◆ WORK INSTRUCTION:
For the entries below, repeat exactly each line starting with the one that contains "Help me out with a 3D box per listed object." and going on through the one that contains "#5 small metal", and no others.

■ ■ ■ ■

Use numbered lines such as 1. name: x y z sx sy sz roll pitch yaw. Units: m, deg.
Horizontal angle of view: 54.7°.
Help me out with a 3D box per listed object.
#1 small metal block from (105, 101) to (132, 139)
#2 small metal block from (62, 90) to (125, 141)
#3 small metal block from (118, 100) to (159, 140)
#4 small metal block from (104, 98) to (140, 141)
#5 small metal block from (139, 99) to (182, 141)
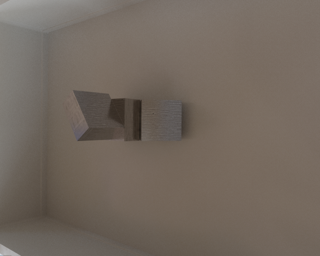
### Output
1. small metal block: -0.057 -0.011 0.432 0.025 0.050 0.050 1 91 7
2. small metal block: -0.075 -0.014 0.352 0.025 0.050 0.050 -43 64 32
3. small metal block: -0.028 -0.010 0.411 0.025 0.050 0.050 1 91 40
4. small metal block: -0.052 -0.010 0.381 0.050 0.025 0.050 1 90 40
5. small metal block: -0.001 -0.009 0.386 0.025 0.050 0.050 -178 88 -74
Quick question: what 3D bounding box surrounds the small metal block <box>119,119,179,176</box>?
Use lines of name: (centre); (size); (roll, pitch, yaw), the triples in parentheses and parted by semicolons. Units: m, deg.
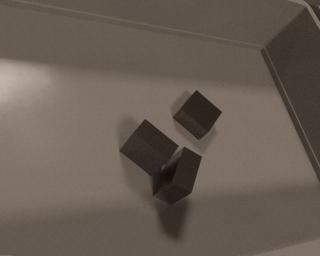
small metal block: (-0.014, 0.024, 0.369); (0.050, 0.050, 0.025); (39, 51, -2)

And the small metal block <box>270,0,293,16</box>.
small metal block: (0.298, -0.306, 0.743); (0.025, 0.050, 0.050); (39, 51, -3)

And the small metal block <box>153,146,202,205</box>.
small metal block: (0.021, 0.057, 0.367); (0.025, 0.050, 0.050); (30, 52, -10)

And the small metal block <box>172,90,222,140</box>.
small metal block: (0.055, -0.019, 0.449); (0.050, 0.025, 0.050); (41, 51, -1)
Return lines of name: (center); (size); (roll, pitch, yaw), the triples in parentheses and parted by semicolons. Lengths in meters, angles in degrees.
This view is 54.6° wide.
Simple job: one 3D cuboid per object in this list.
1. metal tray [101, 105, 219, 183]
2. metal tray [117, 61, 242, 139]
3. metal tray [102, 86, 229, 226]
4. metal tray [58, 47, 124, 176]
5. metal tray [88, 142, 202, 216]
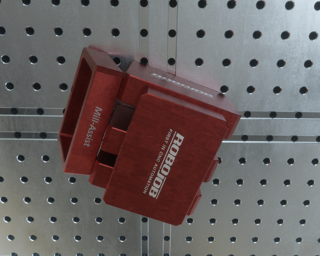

■ ■ ■ ■

◆ EXERCISE RESULT:
Help me out with a 3D box per listed object.
#1 small metal block from (105, 101) to (132, 139)
#2 small metal block from (62, 90) to (125, 141)
#3 small metal block from (118, 100) to (159, 140)
#4 small metal block from (104, 98) to (140, 141)
#5 small metal block from (139, 99) to (182, 141)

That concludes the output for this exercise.